Becoming the "Arrogant Liberal", or How I Learned to Stop Worrying and Love My Superiority

I've pretty much stopped worrying if people think I'm the stereotypical elitist, arrogant liberal. I've stopped denying (to myself more than anyone else) that I am actually something that most people consider elitist or arrogant. I've stopped automatically dumbing down my opinions to another person's level, respecting theirs with an equal weight as my own better-researched, more-reasoned beliefs. I'm just sick of not refuting backwards nonsense out of fear of looking like a smug asshat. I'm sick of treating opposing opinions as "equal" no matter how utterly divorced from reality they may be. Most of all, I'm sick of bothering to help others not feel "dumb" when they're willfully ignorant and misinformed.

When I form opinions—especially about political and controversial issues—I put a lot of thought and research into them—and I mean real research. I gather information from direct sources instead of relying on another person's opinion because they're "smart" and agree with my preconceived notions. I actually read laws, academic papers, and research studies. I actually look at opposing points of view and acknowledge what's right about them. I mentally prepare a list of facts and reputable sources to back my arguments with. And I don't stop until I am reasonably sure I can "win" a debate against someone of the other "side" whose conclusions are equally well researched. If I don't reach that point, then I don't try to engage someone else in debate. Instead, I keep my mouth shut, lest I make a fool of myself. More importantly, I don't treat my opinions as equal (much less superior) to theirs, even if I mentally find the other person's thinking twelve kinds of backwards because of my own personal bias which leans quite heavily to the left.
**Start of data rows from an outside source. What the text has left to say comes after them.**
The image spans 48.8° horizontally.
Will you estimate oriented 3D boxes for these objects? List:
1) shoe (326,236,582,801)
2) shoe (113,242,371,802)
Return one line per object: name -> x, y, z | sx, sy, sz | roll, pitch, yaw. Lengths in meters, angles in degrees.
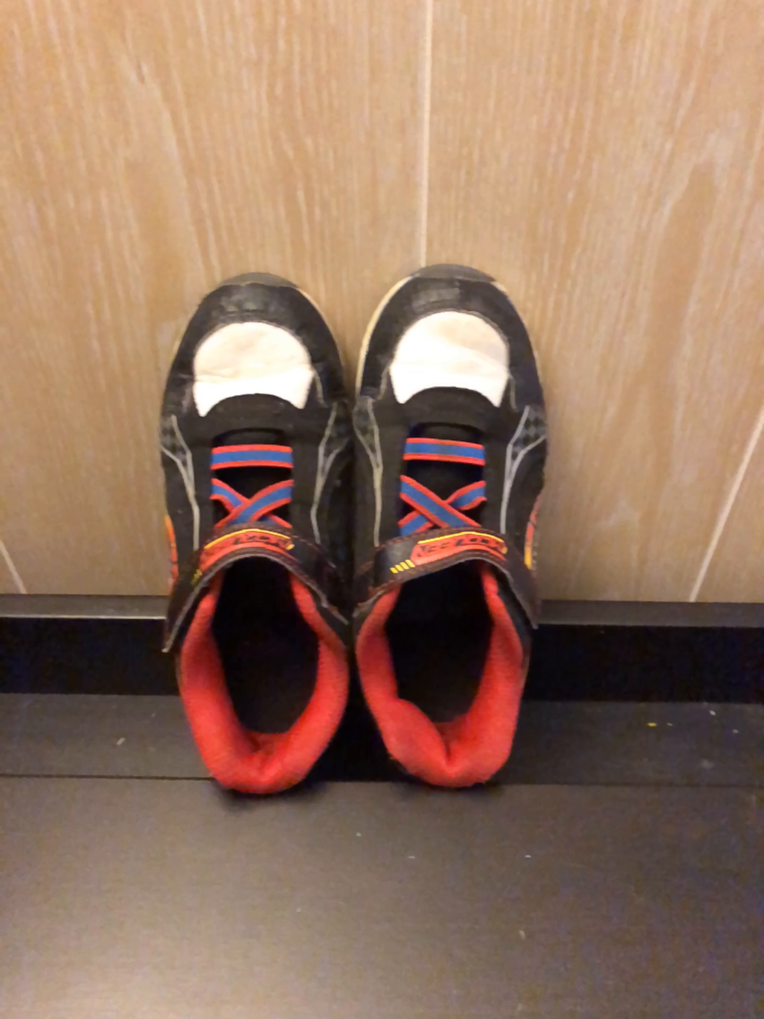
shoe -> 0.027, 0.002, 0.349 | 0.090, 0.210, 0.070 | 1, 5, 2
shoe -> -0.050, 0.004, 0.337 | 0.090, 0.200, 0.070 | 0, 1, 1

As a result, I easily "win" twenty-four out of twenty-five debates, and I rarely make myself look like an ignorant tool. Thing is, I honestly don't think this is because I'm intellectually superior or anything like that. It's simply because most people don't bother putting much critical thought or genuine research into their opinions, and because of that, they're shaky at best (and laughably disconnected from reality at worst). What's more, most people don't think less of their positions if they're uninformed and lack sufficient evidence to properly defend. They don't admit defeat to themselves or acknowledge to themselves that they were a total jackass for trying to defend their opinion on something they're ridiculously ignorant about.

And, omfg, that really pisses me off to no end.

I have never done that, like ever. I'm dead serious. I never did that. Sure, I'm wrong and uninformed sometimes, and my opinions evolve and even radically shift directions over time, but I always openly admit defeat, and I always feel extremely stupid and like a jackass-times-ten for "losing". I learn from my mistakes and go back to the drawing board. Due to my inferiority complex, I learned to regard my opinions as worthless and wrong by default unless I can absolutely for certain "win" a debate by leaps and bounds. Even though I grew out of my inferiority complex for the most part, that tendency has stayed.

In fact, my critical inner voice is the reason I almost never lose a debate anymore. That voice not overly harsh or hatefully bitter anymore, but it still guides me to keep my mouth shut until I can adequately hone my reasoning skills and research enough to hold my own in a debate. I've mostly tamed it to the point that it usually doesn't make me feel like a useless waste of oxygen. Instead, I'm channeling its anger and venom into something useful instead of self-destructive. In short, I'm learning to transform my critical inner voice into an asset instead of a liability. It's not easy—but I'm seriously digressing here.

Point is, I got sick of letting that voice berate me instead of others' nonsense. I got sick of holding myself to a significantly higher standard than others, looking down on myself instead of people less informed and more ignorant than me. I got sick of letting people spout misinformation and total BS amongst themselves, staying silent because I am on a higher plane of reasoning to the point that there's no way I can refute them without looking like a compete jerk. I got sick of helping others feel better when they fail to adequately research their opinions and get their head handed to them as a result. I got sick of resisting the urge to laugh in someone's face when they use blatant logical fallacies and petty arguments regurgitated verbatim from Glenn Beck or Sean Hannity, arguments so silly and ignorant that nobody who does a modicum of fact-checking would take even half seriously. I got sick of listening to wingnuts call everything that goes against their beliefs "biased" and whining about the "liberal" media and academic establishment. If everyone has a liberal bias to you, then maybe—just maybe—they're not the ones with a bias.

And, yeah, I got sick of not pointing that out.

Apparently that makes me arrogant. But I don't care anymore. I'm an arrogant liberal. Get over it.